WORK ORDER: Only the lines from the one containing "Numbers: x, y, z, sx, sy, sz, roll, pitch, yaw." through the one containing "Detect the truck" should be printed, exactly as they appear below, with both ends included.

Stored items
========================================
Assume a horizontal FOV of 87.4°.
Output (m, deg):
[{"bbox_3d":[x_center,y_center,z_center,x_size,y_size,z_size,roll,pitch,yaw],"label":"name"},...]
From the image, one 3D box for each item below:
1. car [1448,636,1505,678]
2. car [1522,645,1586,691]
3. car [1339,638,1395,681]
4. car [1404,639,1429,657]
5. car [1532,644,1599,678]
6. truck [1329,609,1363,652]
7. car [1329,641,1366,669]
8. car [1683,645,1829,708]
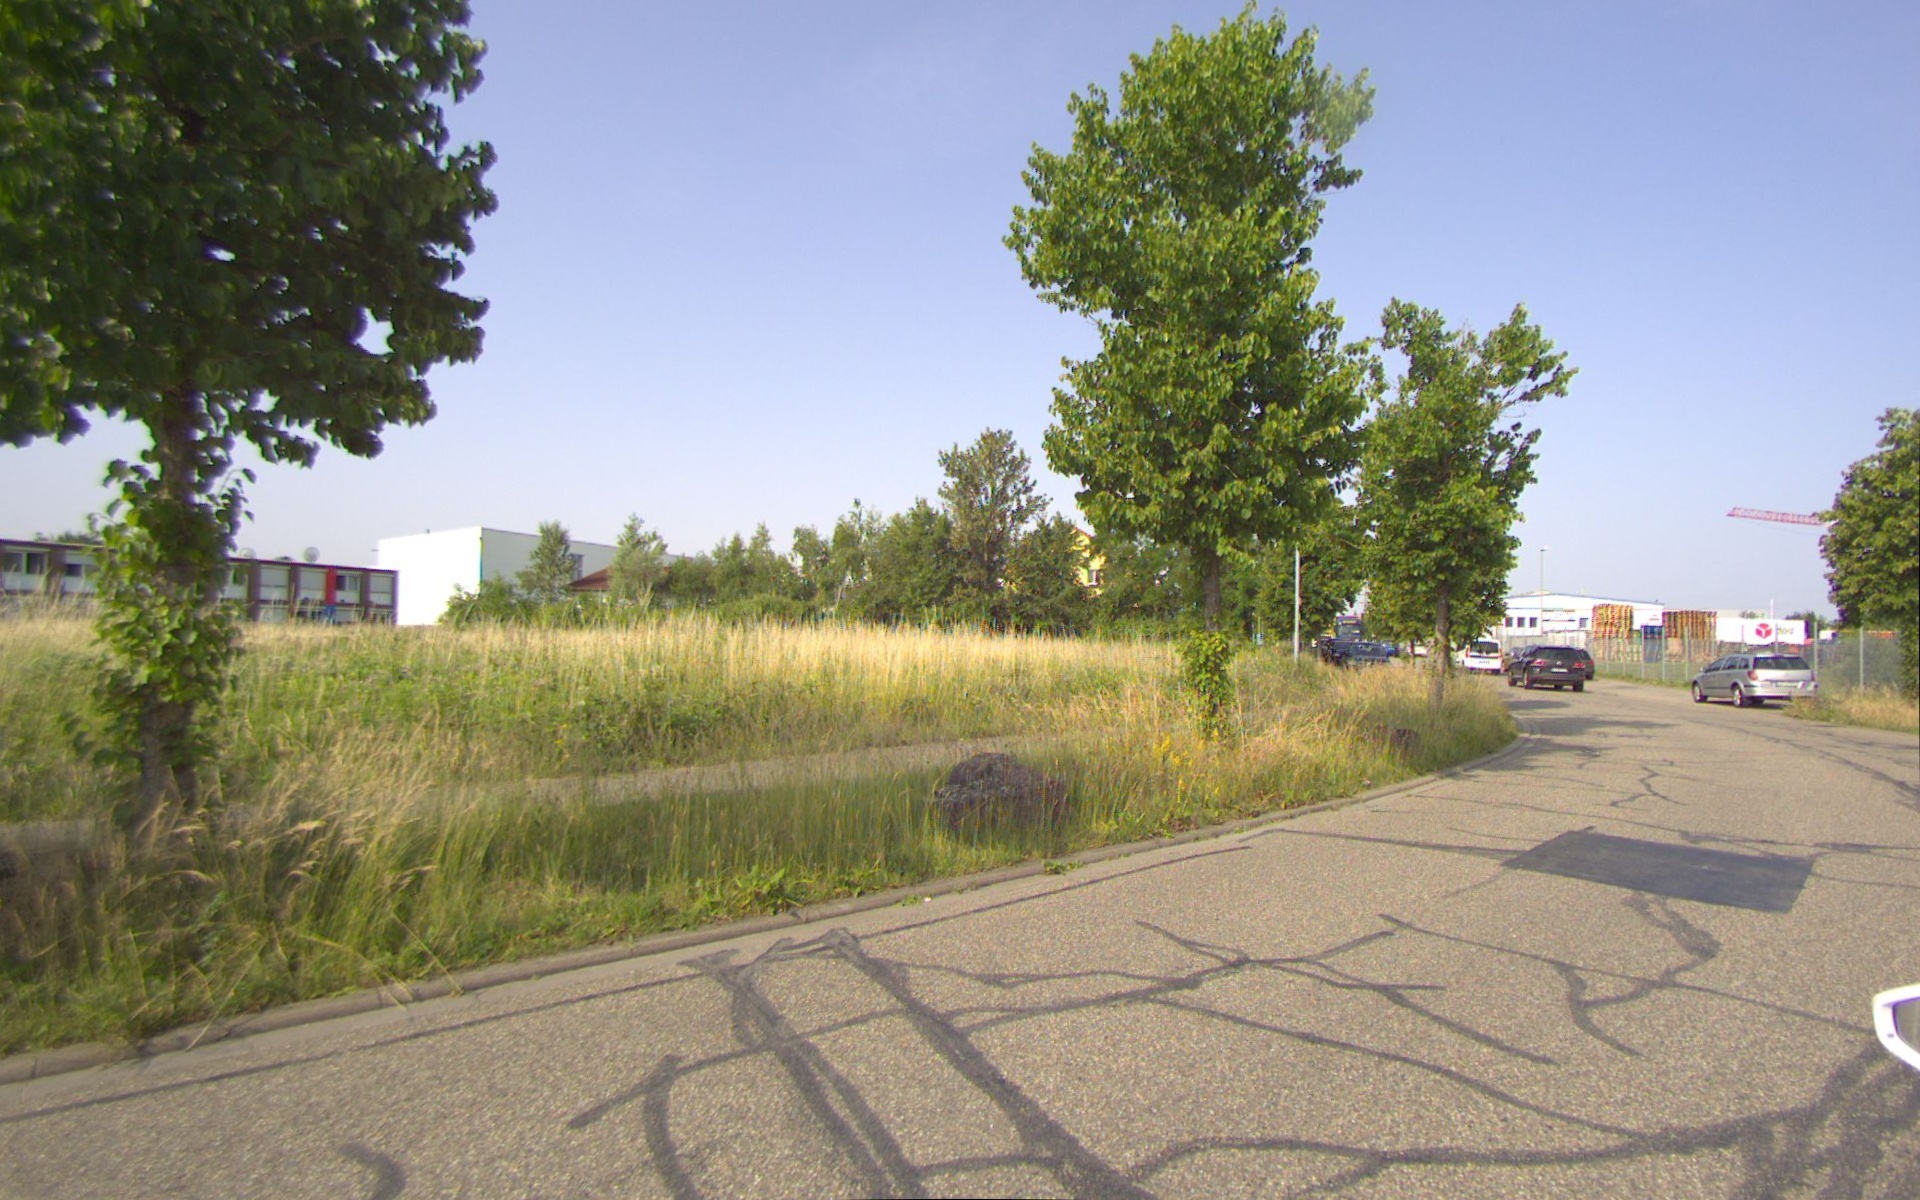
========================================
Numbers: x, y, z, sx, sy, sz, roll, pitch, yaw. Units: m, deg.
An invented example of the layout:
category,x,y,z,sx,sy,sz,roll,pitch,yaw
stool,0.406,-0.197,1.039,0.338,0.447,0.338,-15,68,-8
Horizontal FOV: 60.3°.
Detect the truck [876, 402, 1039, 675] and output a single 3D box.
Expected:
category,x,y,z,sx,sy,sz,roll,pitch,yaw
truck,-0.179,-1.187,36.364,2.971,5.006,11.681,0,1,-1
========================================
OUTPUT:
Numbers: x, y, z, sx, sy, sz, roll, pitch, yaw. Units: m, deg.
An invented example of the layout:
category,x,y,z,sx,sy,sz,roll,pitch,yaw
stool,0.406,-0.197,1.039,0.338,0.447,0.338,-15,68,-8
Horizontal FOV: 60.3°.
Detect the truck [876, 402, 1039, 675] and output a single 3D box.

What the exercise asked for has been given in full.